Santa Rosa è uno dei 7 ministri militari del governo Bolsonaro  e ha battezzato il progetto Barao do Rio Branco in onore del diplomatico che ne XiX secolo negoziò i trattati di confine con i vicini del Brasile e  l’annuncio è stato dato durante un’intervista concessa la settimana scorsa al programma radiofonico ufficiale Voz do Brasil, cosa che ha consentito a Santa Rosa di evitare qualsiasi domanda scomoda sulla fattibilità o sull’impatto ambientale del progetto.

Il generale in pensione ha detto che «L’Amazzonia ha una popolazione di 10 milioni di persone che vivono sotto la soglia di povertà. Non possiamo più chiudere gli occhi su questo. Dobbiamo integrare questo latifondo improduttivo nel sistema produttivo nazionale e offrire loro opportunità di lavoro e reddito».

Ha aggiunto che la nuova mega- diga «Aumenterà la capacità energetica del Brasile, fornendo elettricità per la lavorazione dell’alluminio e mettendo fine alle frequenti interruzioni di corrente nelle città di Manaus e Boa Vista. L’estensione BR-163, consentirà il trasporto di cereali dall’interno del Brasile fino al confine settentrionale della nazione. Il progetto avrebbe anche altri benefici», ma non ha spiegato quali e per chi.

Il troncone sud esistente della BR-163 percorre già centinaia di Km dallo Stato del Mato Grosso fino al porto fluviale di Santarem, nello Stato del Pará, ed è utilizzata per trasportare la soia ai terminal di Mirituba e Santarem sul fiume Tapajós, dove viene trasferita sulle navi che percorrono il Rio delle Amazzoni per esportarla verso l’Unione Europea e altri Paesi. Il generale Santa Rosa non ha spiegato come fare un altro pezzo di autostrada a nord, verso una frontiera disabitata con il povero Suriname, andrebbe a beneficio degli esportatori di soia. Ma, soprattutto, ha taciuto sull’esistenza di popolazioni indios e quilombo che vivono in un’area descritta  come desertica e che invece è la più grande foresta pluviale tropicale del mondo che pullula di vita e che è abitata da ben prima che gli antenati dei generali brasiliani colonizzassero il Brasile.

Lucia Andrade, coordinatrice esecutiva della Comissão Pró-Índio, una ONG brasiliana che difende i diritti degli indigeni, ha detto a Mongbay che «Il progetto metterà a rischio una regione dell’Amazzonia che è un mosaico di aree indigene e quilombo e di unità di conservazione di grande importanza, non solo per la popolazione che vive lì, ma per tutto il pianeta. Definirla un latifondo improduttivo è un grave errore.La regione di Trombetas ospita 4 riserve indigene, 8 comunità di quilombo e 5 unità di conservazione. In un momento in cui il mMinistero dell’ambiente è stato deliberatamente indebolito e la responsabilità per le licenze ambientali è stata trasferita al ministero dell’agricoltura, il progetto Barão do Rio Branco è estremamente preoccupante».

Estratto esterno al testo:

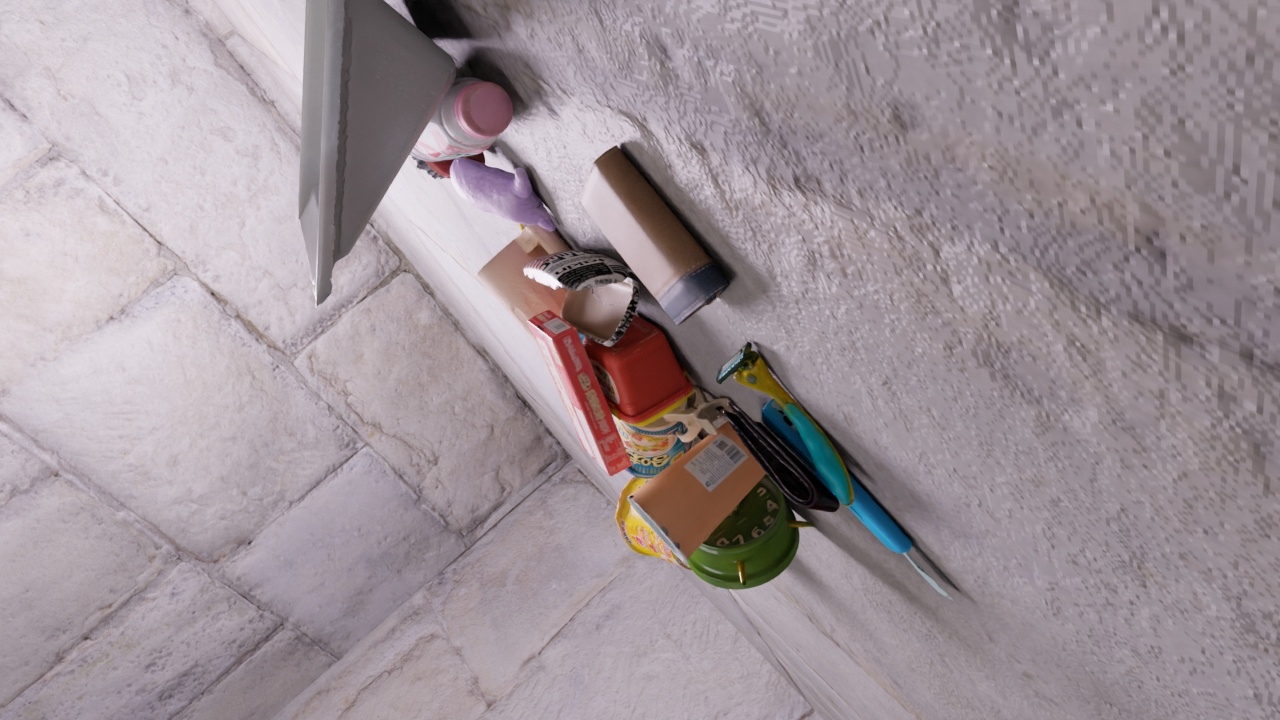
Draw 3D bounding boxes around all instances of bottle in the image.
[{"bbox_3d":[-0.152,-0.200,0.754,0.068,0.068,0.197,53,165,-24],"label":"bottle"}]

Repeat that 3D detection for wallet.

Ma va anche detto che il devastante progetto del generale Santa Rosa è solo l’ultimo di una lunga serie di progetti di mega-infrastrutture, proposti negli ultimi 50 anni da governi sia militari che civili del Brasile per “sviluppare” l’Amazzonia: strade, dighe, vie d’acqua industriali, ferrovie, ponti che hanno distrutto l’ambiente e scacciato dalle loro terre comunità indigene. Ma le motivazioni del progetto del generale Santa Rosa sembrano riportare il Brasile più di 30 anni indietro, quando la dittatura militare fascista trattava l’Amazzonia come un deserto vuoto e gli indios e i quilombo come poco più che animali da abbattere, ignorando le loro culture e i mezzi di sostentamento delle popolazioni indigene e tradizionali che vivono da secoli in Amazzonia.

La costituzione democratica del Brasile del 1988 fece – almeno teoricamente – piazza pulita di questa mentalità coloniale  e la foresta pluviale amazzonica diventò un luogo nel quale venne riconosciuta la diversità umana e naturale vitale per il mantenimento della stabilità globale del clima. Ora, come scrive Mongbay,  il governo neofascista di Bolsonaro torna a vedere l’Amazzonia come «un ostacolo fisico che deve essere superato per favorire il progresso dell’agrobusiness brasiliano e della sviluppo minerario per l’esportazione delle materie prime».

Chiamando il progetto Barão do Rio Branco, il governo Bolsonaro sembra voler non solo onorare un diplomatico brasiliano, ma tornare indietro al XIX secolo e ai modelli di sfruttamento coloniale e alle ferrovie e alle strade per sfruttare la gomma amazzonica. Ora che la gomma non è più un affare, l’enfasi produttivista del governo e della Bancada Ruralista che lo sostiene si è spostata sulla soia e i progetti per costruire nuove strade come la BR-163 nel bacino del Tapajos , la BR-319 nel bacino del a Maderira, il progetto Grainrail  e canali industriali in Amazonia abbondano.

Al generale Santa Rosa non sembra interessare per niente la Valutazione dell’impatto ambientale (come d’altronde ha fatto capire anche Bolsonaro nel suo recente intervento al World economi forum a Davos), ma la mega-diga che ha proposto prevede l’inondazione di territori indigeni, e sarà necessaria l’autorizzazione dal Congresso nazionale. Inoltre, le comunità indigene devono essere consultate ai sensi del diritto nazionale e internazionale, compresa la Convenzione per i popoli indigeni e tribali dell’International Labour Organization  della quale il Brasile è firmatario. Nella pianificazione del progetto, che dovrebbe essere annunciato ufficialmente entro i prossimi 2 mesi, sono coinvolti diversi ministeri, anche se Bolsonaro ha già detto che lo imporrà con un ordine esecutivo presidenziale, il che impedirà qualsiasi controllo iniziale da parte del  Congresso. Ma poi, entro 90 gorni, il Parlamento brasiliano dovrà comunque approvarlo o bocciarlo.

Fortunatamente, più che politico – vista la predominanza del centro-destra a Brasilia – il più grande ostacolo a questo devastante piano sarà di natura economica: per realizzarlo ci vorrebbero miliardi di euro di investimenti. Non a caso, nella sua intervista, il generale Santa Rosa non ha menzionato cifre e costi e non ha detto da dove arriveranno i soldi  proprio mentre il Brasile è soggetto a rigide misure di austerità e a pesanti restrizioni per la spesa pubblica.

Speriamo solo che tutto questo resti una promessa da incubo, ma le organizzazioni indigene si preparano ogni giorno di più a resistere al nuovo colonialismo sovranista di Bolsonaro.